◆ Work request
Examine each line of the data, and copy the ones containing "self".

[Records from a dataset]
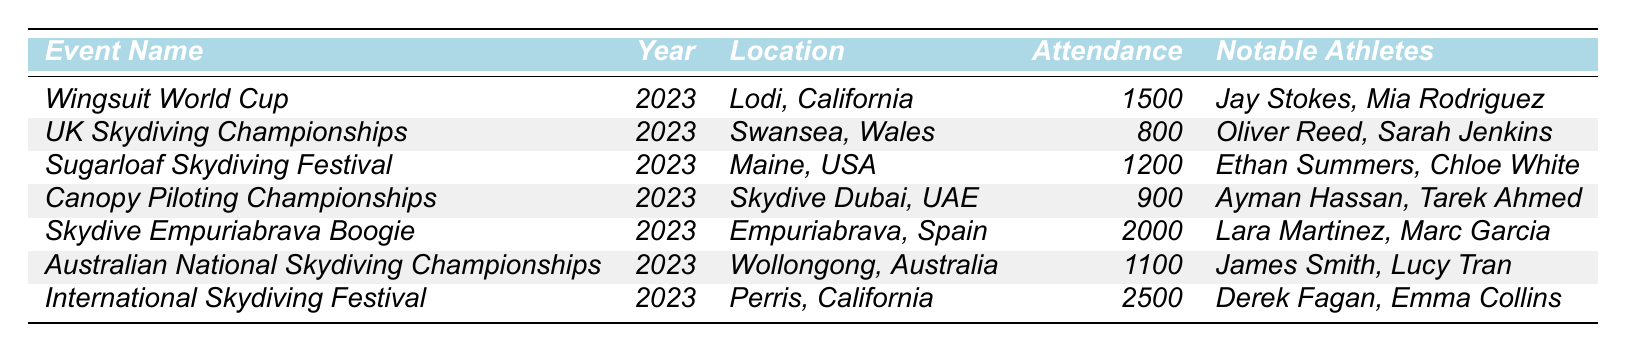What is the total attendance at all events for 2023? To find the total attendance, we add together the attendance figures from each event: 1500 + 800 + 1200 + 900 + 2000 + 1100 + 2500 = 8100.
Answer: 8100 Which event had the highest attendance in 2023? By comparing the attendance figures of each event, we see that the International Skydiving Festival had the highest attendance of 2500.
Answer: International Skydiving Festival How many notable athletes were listed for the UK Skydiving Championships? The UK Skydiving Championships has two notable athletes listed: Oliver Reed and Sarah Jenkins.
Answer: 2 Is there any event that took place in California in 2023? Yes, there are two events listed that took place in California: the Wingsuit World Cup and the International Skydiving Festival.
Answer: Yes What is the average attendance across all events in 2023? First, we calculate the total attendance (8100) and divide it by the number of events (7): 8100 / 7 = approximately 1157.14.
Answer: Approximately 1157.14 Did the Australian National Skydiving Championships have higher attendance than the Canopy Piloting Championships? The Australian National Skydiving Championships had an attendance of 1100, while the Canopy Piloting Championships had an attendance of 900. Since 1100 is greater than 900, the statement is true.
Answer: Yes Which location had the lowest attendance in 2023 and what was that attendance? Looking through the attendances, we see the UK Skydiving Championships had the lowest attendance of 800.
Answer: Swansea, Wales; 800 What percentage of the total attendance does the Skydive Empuriabrava Boogie represent? Attendance for the Skydive Empuriabrava Boogie is 2000. To find its percentage of the total 8100, we calculate (2000/8100) * 100 which equals approximately 24.69%.
Answer: Approximately 24.69% Which two events had notable athletes with the first names starting with 'L'? The Skydive Empuriabrava Boogie lists Lara Martinez and the Australian National Skydiving Championships lists Lucy Tran. Thus, both events fit the criteria.
Answer: Yes, Skydive Empuriabrava Boogie and Australian National Skydiving Championships If you combine the attendance of the Wingsuit World Cup and Sugarloaf Skydiving Festival, how does it compare to the Canopy Piloting Championships? The Wingsuit World Cup has an attendance of 1500 and the Sugarloaf Skydiving Festival has 1200. Combined, they have 1500 + 1200 = 2700. The Canopy Piloting Championships has an attendance of 900. Since 2700 is greater than 900, the comparison shows a significant difference.
Answer: 2700 is greater than 900 
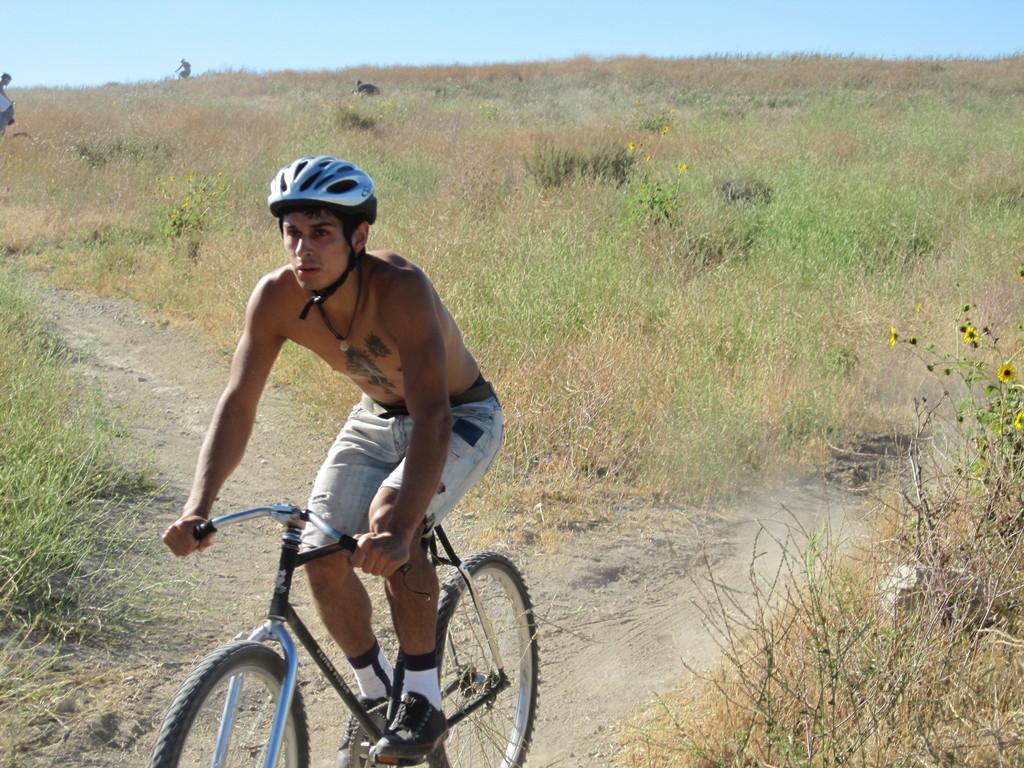Could you give a brief overview of what you see in this image? in this picture we can see a person riding a cycle by wearing a helmet,we can also see a grass,we can also see the clear sky. 
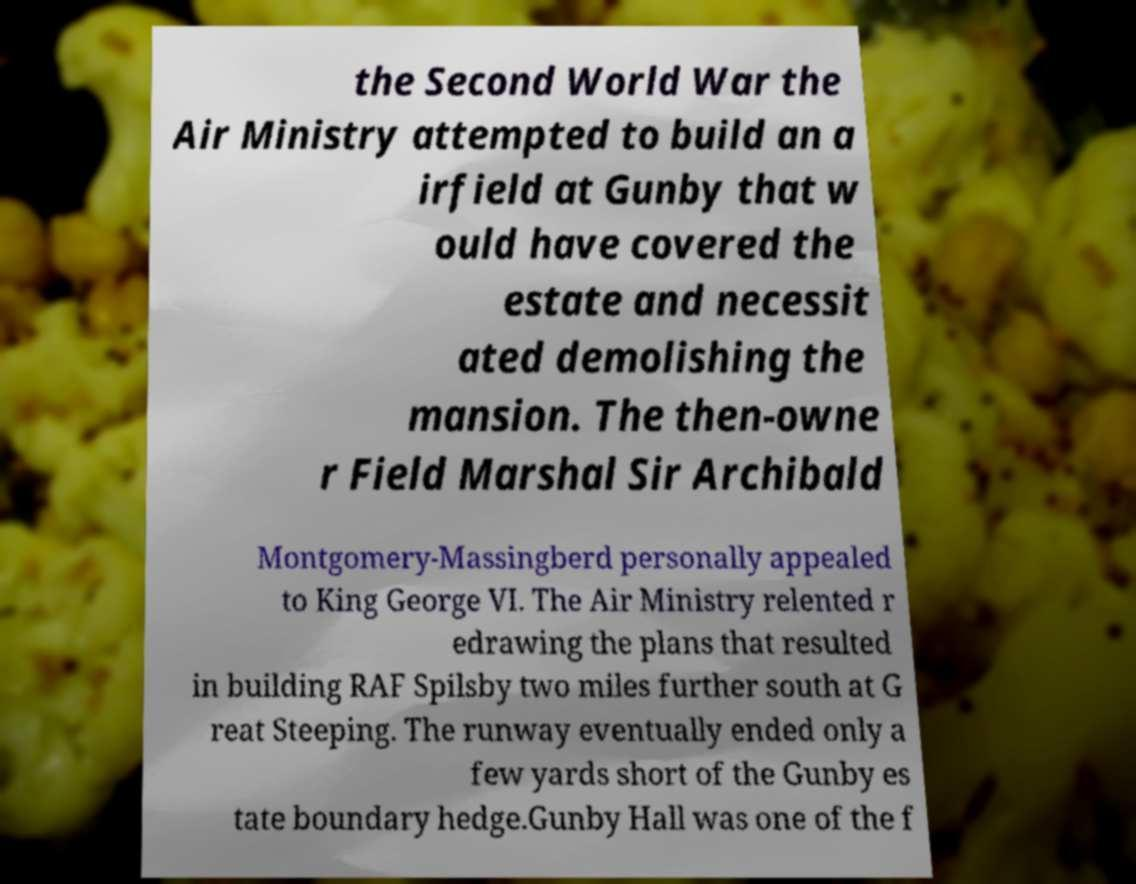Can you accurately transcribe the text from the provided image for me? the Second World War the Air Ministry attempted to build an a irfield at Gunby that w ould have covered the estate and necessit ated demolishing the mansion. The then-owne r Field Marshal Sir Archibald Montgomery-Massingberd personally appealed to King George VI. The Air Ministry relented r edrawing the plans that resulted in building RAF Spilsby two miles further south at G reat Steeping. The runway eventually ended only a few yards short of the Gunby es tate boundary hedge.Gunby Hall was one of the f 
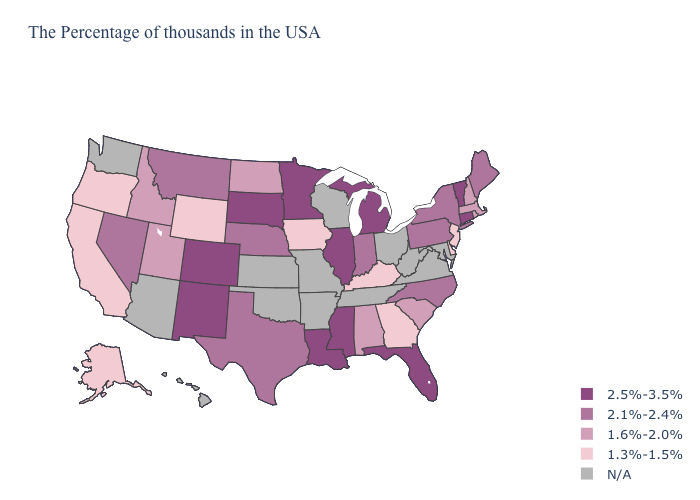Name the states that have a value in the range 2.1%-2.4%?
Give a very brief answer. Maine, New York, Pennsylvania, North Carolina, Indiana, Nebraska, Texas, Montana, Nevada. Does Iowa have the lowest value in the MidWest?
Short answer required. Yes. Among the states that border Kansas , does Nebraska have the highest value?
Short answer required. No. What is the lowest value in the South?
Give a very brief answer. 1.3%-1.5%. Which states have the highest value in the USA?
Short answer required. Vermont, Connecticut, Florida, Michigan, Illinois, Mississippi, Louisiana, Minnesota, South Dakota, Colorado, New Mexico. What is the highest value in the USA?
Concise answer only. 2.5%-3.5%. What is the value of Georgia?
Keep it brief. 1.3%-1.5%. What is the lowest value in the South?
Quick response, please. 1.3%-1.5%. Name the states that have a value in the range 1.6%-2.0%?
Answer briefly. Massachusetts, Rhode Island, New Hampshire, South Carolina, Alabama, North Dakota, Utah, Idaho. Does Vermont have the highest value in the USA?
Give a very brief answer. Yes. Does New Jersey have the lowest value in the Northeast?
Be succinct. Yes. What is the highest value in states that border Delaware?
Keep it brief. 2.1%-2.4%. Name the states that have a value in the range 2.5%-3.5%?
Quick response, please. Vermont, Connecticut, Florida, Michigan, Illinois, Mississippi, Louisiana, Minnesota, South Dakota, Colorado, New Mexico. 
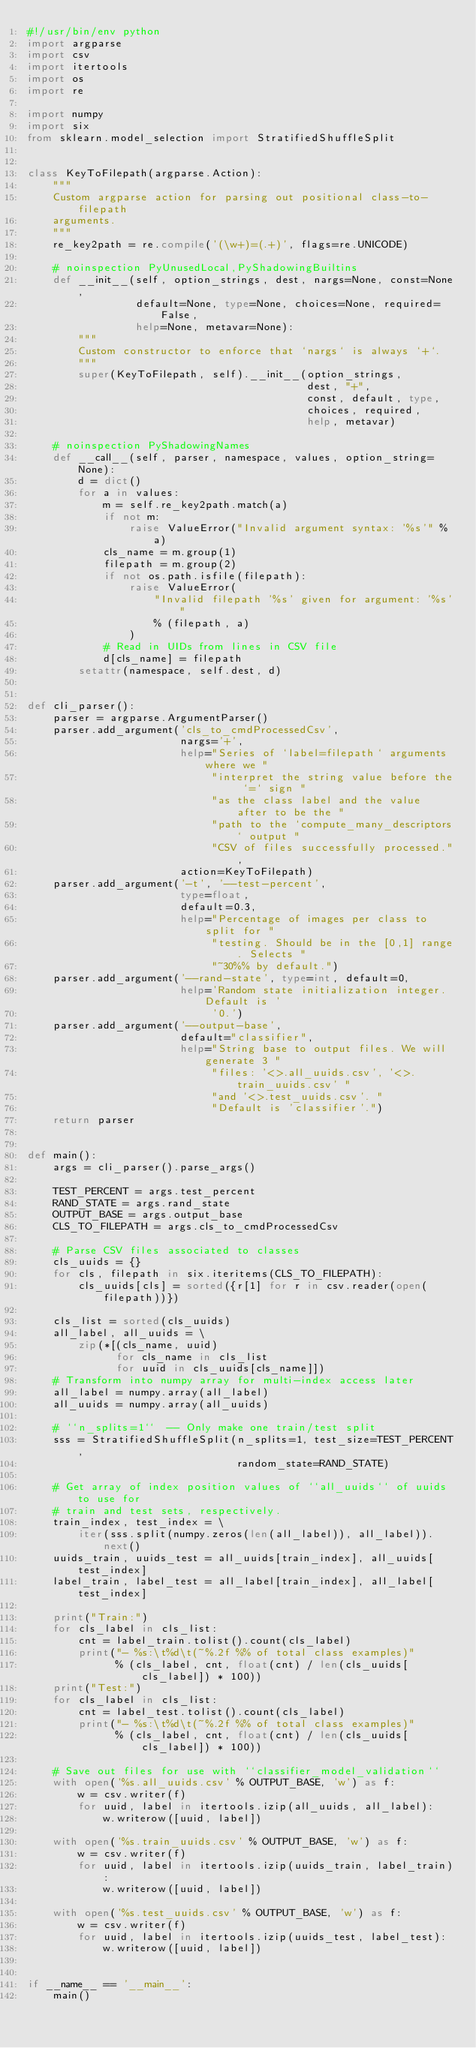<code> <loc_0><loc_0><loc_500><loc_500><_Python_>#!/usr/bin/env python
import argparse
import csv
import itertools
import os
import re

import numpy
import six
from sklearn.model_selection import StratifiedShuffleSplit


class KeyToFilepath(argparse.Action):
    """
    Custom argparse action for parsing out positional class-to-filepath
    arguments.
    """
    re_key2path = re.compile('(\w+)=(.+)', flags=re.UNICODE)

    # noinspection PyUnusedLocal,PyShadowingBuiltins
    def __init__(self, option_strings, dest, nargs=None, const=None,
                 default=None, type=None, choices=None, required=False,
                 help=None, metavar=None):
        """
        Custom constructor to enforce that `nargs` is always `+`.
        """
        super(KeyToFilepath, self).__init__(option_strings,
                                            dest, "+",
                                            const, default, type,
                                            choices, required,
                                            help, metavar)

    # noinspection PyShadowingNames
    def __call__(self, parser, namespace, values, option_string=None):
        d = dict()
        for a in values:
            m = self.re_key2path.match(a)
            if not m:
                raise ValueError("Invalid argument syntax: '%s'" % a)
            cls_name = m.group(1)
            filepath = m.group(2)
            if not os.path.isfile(filepath):
                raise ValueError(
                    "Invalid filepath '%s' given for argument: '%s'"
                    % (filepath, a)
                )
            # Read in UIDs from lines in CSV file
            d[cls_name] = filepath
        setattr(namespace, self.dest, d)


def cli_parser():
    parser = argparse.ArgumentParser()
    parser.add_argument('cls_to_cmdProcessedCsv',
                        nargs='+',
                        help="Series of `label=filepath` arguments where we "
                             "interpret the string value before the `=` sign "
                             "as the class label and the value after to be the "
                             "path to the `compute_many_descriptors` output "
                             "CSV of files successfully processed.",
                        action=KeyToFilepath)
    parser.add_argument('-t', '--test-percent',
                        type=float,
                        default=0.3,
                        help="Percentage of images per class to split for "
                             "testing. Should be in the [0,1] range. Selects "
                             "~30%% by default.")
    parser.add_argument('--rand-state', type=int, default=0,
                        help='Random state initialization integer. Default is '
                             '0.')
    parser.add_argument('--output-base',
                        default="classifier",
                        help="String base to output files. We will generate 3 "
                             "files: '<>.all_uuids.csv', '<>.train_uuids.csv' "
                             "and '<>.test_uuids.csv'. "
                             "Default is 'classifier'.")
    return parser


def main():
    args = cli_parser().parse_args()

    TEST_PERCENT = args.test_percent
    RAND_STATE = args.rand_state
    OUTPUT_BASE = args.output_base
    CLS_TO_FILEPATH = args.cls_to_cmdProcessedCsv

    # Parse CSV files associated to classes
    cls_uuids = {}
    for cls, filepath in six.iteritems(CLS_TO_FILEPATH):
        cls_uuids[cls] = sorted({r[1] for r in csv.reader(open(filepath))})

    cls_list = sorted(cls_uuids)
    all_label, all_uuids = \
        zip(*[(cls_name, uuid)
              for cls_name in cls_list
              for uuid in cls_uuids[cls_name]])
    # Transform into numpy array for multi-index access later
    all_label = numpy.array(all_label)
    all_uuids = numpy.array(all_uuids)

    # ``n_splits=1``  -- Only make one train/test split
    sss = StratifiedShuffleSplit(n_splits=1, test_size=TEST_PERCENT,
                                 random_state=RAND_STATE)

    # Get array of index position values of ``all_uuids`` of uuids to use for
    # train and test sets, respectively.
    train_index, test_index = \
        iter(sss.split(numpy.zeros(len(all_label)), all_label)).next()
    uuids_train, uuids_test = all_uuids[train_index], all_uuids[test_index]
    label_train, label_test = all_label[train_index], all_label[test_index]

    print("Train:")
    for cls_label in cls_list:
        cnt = label_train.tolist().count(cls_label)
        print("- %s:\t%d\t(~%.2f %% of total class examples)"
              % (cls_label, cnt, float(cnt) / len(cls_uuids[cls_label]) * 100))
    print("Test:")
    for cls_label in cls_list:
        cnt = label_test.tolist().count(cls_label)
        print("- %s:\t%d\t(~%.2f %% of total class examples)"
              % (cls_label, cnt, float(cnt) / len(cls_uuids[cls_label]) * 100))

    # Save out files for use with ``classifier_model_validation``
    with open('%s.all_uuids.csv' % OUTPUT_BASE, 'w') as f:
        w = csv.writer(f)
        for uuid, label in itertools.izip(all_uuids, all_label):
            w.writerow([uuid, label])

    with open('%s.train_uuids.csv' % OUTPUT_BASE, 'w') as f:
        w = csv.writer(f)
        for uuid, label in itertools.izip(uuids_train, label_train):
            w.writerow([uuid, label])

    with open('%s.test_uuids.csv' % OUTPUT_BASE, 'w') as f:
        w = csv.writer(f)
        for uuid, label in itertools.izip(uuids_test, label_test):
            w.writerow([uuid, label])


if __name__ == '__main__':
    main()
</code>

◆ Output
    def __init__(self, option_strings, dest, nargs=None, const=None,
        super(KeyToFilepath, self).__init__(option_strings,
    def __call__(self, parser, namespace, values, option_string=None):
            m = self.re_key2path.match(a)
        setattr(namespace, self.dest, d)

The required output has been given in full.